# HOW TO COMPLETE THIS TASK:
Produce a verbatim copy of the records, and keep the images out of it.
== DATA IN THIS EXERCISE
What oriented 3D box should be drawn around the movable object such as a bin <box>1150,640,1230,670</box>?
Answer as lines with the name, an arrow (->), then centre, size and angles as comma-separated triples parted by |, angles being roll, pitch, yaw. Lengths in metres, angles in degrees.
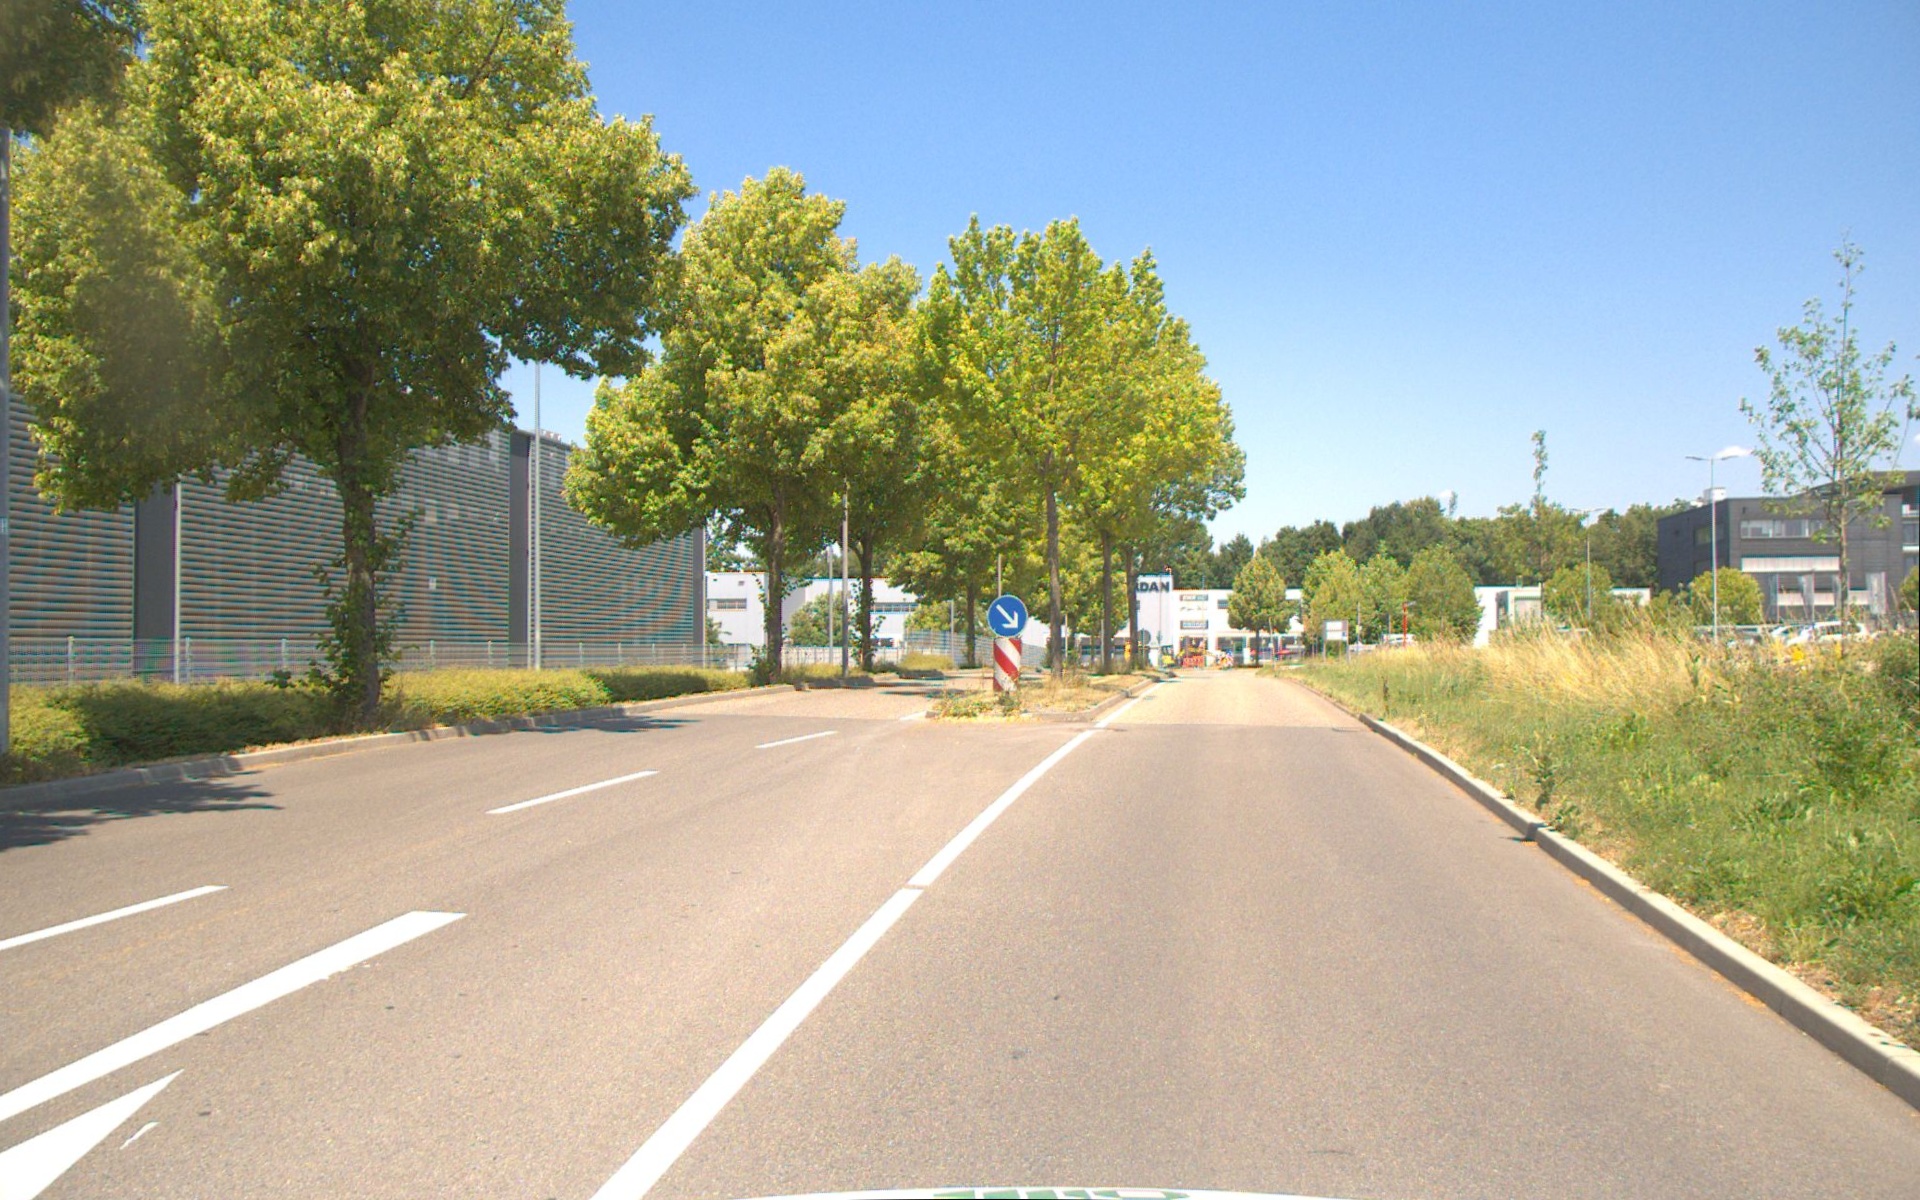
movable object such as a bin -> 22.934, 5.444, 164.653 | 7.367, 2.543, 3.669 | -2, 1, 17

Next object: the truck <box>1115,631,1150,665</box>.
truck -> 17.180, 4.775, 165.128 | 2.878, 2.936, 5.810 | -2, 1, 0
====
# SOLVED EXERCISE:
What oriented 3D box should be drawn around the movable object such as a bin <box>1150,640,1230,670</box>?
Answer as lines with the name, an arrow (->), then centre, size and angles as comma-separated triples parted by |, angles being roll, pitch, yaw. Lengths in metres, angles in degrees.
movable object such as a bin -> 22.934, 5.444, 164.653 | 7.367, 2.543, 3.669 | -2, 1, 17

Next object: the truck <box>1115,631,1150,665</box>.
truck -> 17.180, 4.775, 165.128 | 2.878, 2.936, 5.810 | -2, 1, 0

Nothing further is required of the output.